Just like real birdies, she naturally arises with the Sun and goes to sleep when it sets. But, modern schedules don’t really allow us to go to bed at sunset as humans once naturally did.

Most traditional forms of bodily knowledge understand this. An Ayurvedic vaidya (physician) would advise us to curl up 9:00-10:00pm, within the Kapha evening hours associated with the Earth.

Chinese Medicine teachings also suggest winding down by 9:00pm, as this begins the Triple Heater (endocrine system) hours when the body’s vital hormones are replenished for the next day.

For optimal sleep, we propose starting to wind down your clock by 9:00pm and returning to your cuckoo’s nest by 10:00-11:00pm.

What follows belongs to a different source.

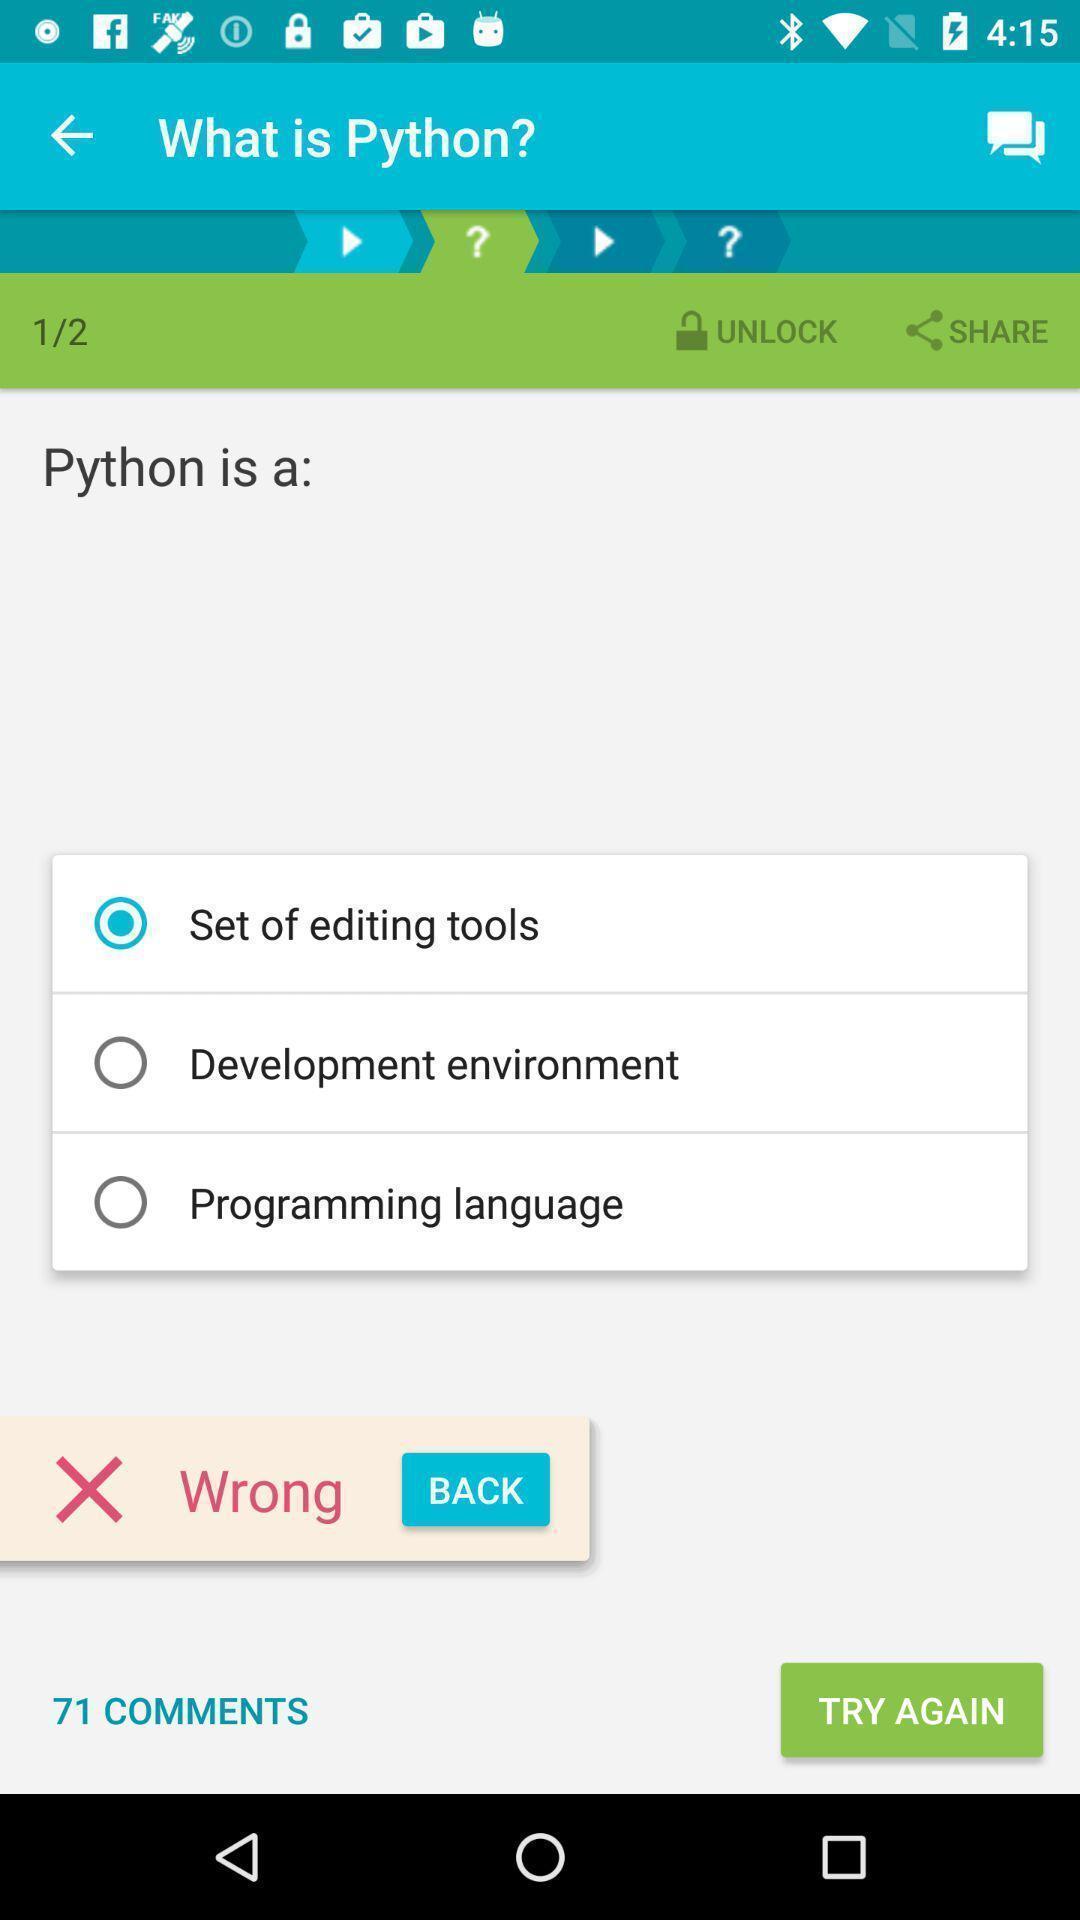What details can you identify in this image? Question and answer page of learning environment app.

To begin your magical evening wind-down begin by turning your phone off. Electronics have a significant impact on our eyesight, spleen function, and circadian cycle! We recommend hitting the “off” button 1 hour before hitting the hay.

 

Herbal Care

Absorb Them

These are our favorite nighttime herbs. You can find them as capsules at most nature shops or drink them as loose-leaf teas.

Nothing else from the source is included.